* _AIM OF THE EXERCISE_
From the first line of the records through the line containing "-11, 55, 15)", retype every line exactly and nothing else.

* _DATASET_
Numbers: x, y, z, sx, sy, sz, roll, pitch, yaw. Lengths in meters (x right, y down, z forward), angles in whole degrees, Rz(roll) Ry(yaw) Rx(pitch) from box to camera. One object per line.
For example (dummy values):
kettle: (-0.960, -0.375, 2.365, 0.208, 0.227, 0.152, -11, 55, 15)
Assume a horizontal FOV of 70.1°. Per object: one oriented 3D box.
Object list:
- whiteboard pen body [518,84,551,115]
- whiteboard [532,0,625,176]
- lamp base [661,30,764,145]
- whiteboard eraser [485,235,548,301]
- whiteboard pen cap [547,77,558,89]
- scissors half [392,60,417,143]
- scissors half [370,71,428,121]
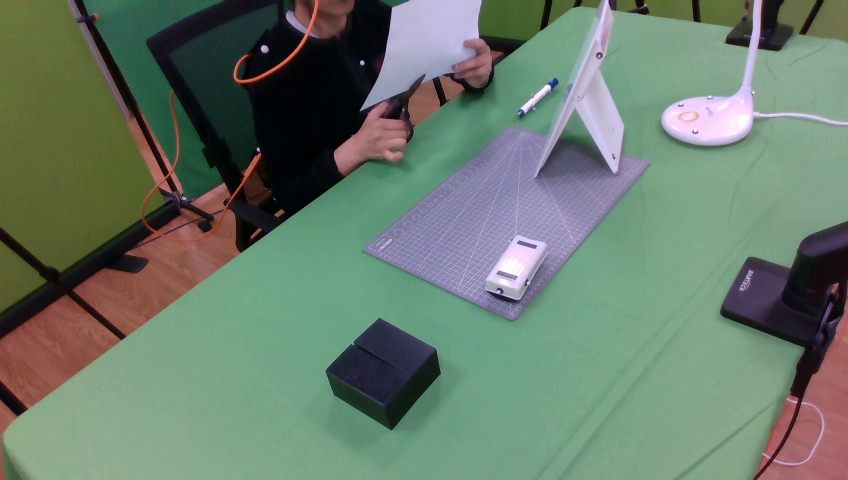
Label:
whiteboard pen body: (0.242, -0.306, 1.290, 0.017, 0.017, 0.141, 24, 52, 33)
whiteboard: (0.320, -0.259, 1.050, 0.144, 0.306, 0.217, 21, 45, 5)
lamp base: (0.535, -0.287, 1.096, 0.179, 0.181, 0.159, -10, 40, -4)
whiteboard eraser: (0.137, 0.042, 0.887, 0.055, 0.042, 0.113, 15, 45, 27)
whiteboard pen cap: (0.279, -0.341, 1.321, 0.018, 0.018, 0.033, 22, 51, 31)
scissors half: (-0.031, -0.255, 1.131, 0.040, 0.175, 0.013, 29, 43, 18)
scissors half: (-0.048, -0.273, 1.134, 0.174, 0.040, 0.013, -22, 11, 46)
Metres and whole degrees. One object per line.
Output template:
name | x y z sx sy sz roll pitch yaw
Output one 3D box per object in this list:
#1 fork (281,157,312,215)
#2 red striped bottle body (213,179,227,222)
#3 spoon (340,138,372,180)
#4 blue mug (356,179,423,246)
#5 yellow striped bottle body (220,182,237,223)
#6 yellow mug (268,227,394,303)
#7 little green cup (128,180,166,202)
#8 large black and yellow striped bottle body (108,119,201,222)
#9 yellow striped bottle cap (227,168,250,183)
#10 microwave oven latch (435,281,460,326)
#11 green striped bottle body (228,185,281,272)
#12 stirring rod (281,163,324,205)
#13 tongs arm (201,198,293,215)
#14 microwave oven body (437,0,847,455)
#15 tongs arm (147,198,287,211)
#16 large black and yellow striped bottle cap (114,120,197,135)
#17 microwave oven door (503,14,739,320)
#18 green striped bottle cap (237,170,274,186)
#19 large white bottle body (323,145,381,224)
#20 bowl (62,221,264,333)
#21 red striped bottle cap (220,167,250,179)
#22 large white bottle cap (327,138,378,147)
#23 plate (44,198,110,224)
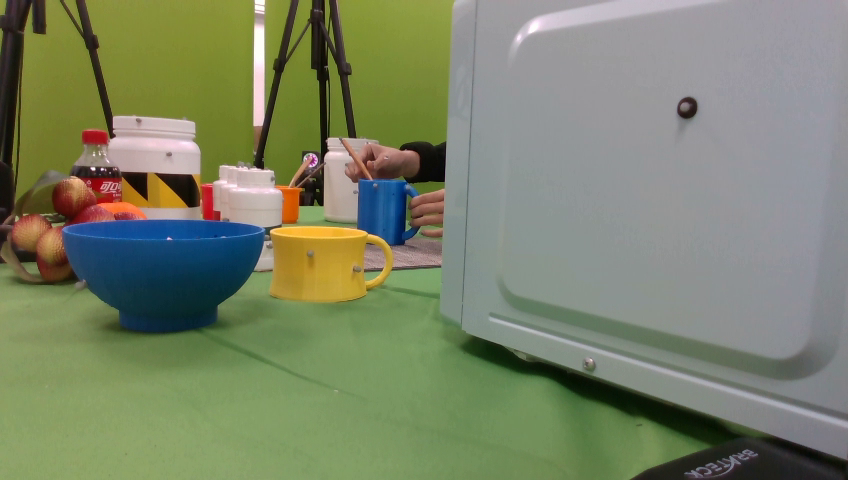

* _TASK OUTPUT_
Numbers: x, y, z, sx, sy, sz, roll, pitch, yaw. Lengths in meters (x right, y down, z forward), angles in whole degrees, Rz(roll) Ry(yaw) Rx(pitch) from box to camera. One object per line.
For example (dummy values):
kettle: (-0.960, -0.375, 2.365, 0.208, 0.227, 0.152, -11, 55, 15)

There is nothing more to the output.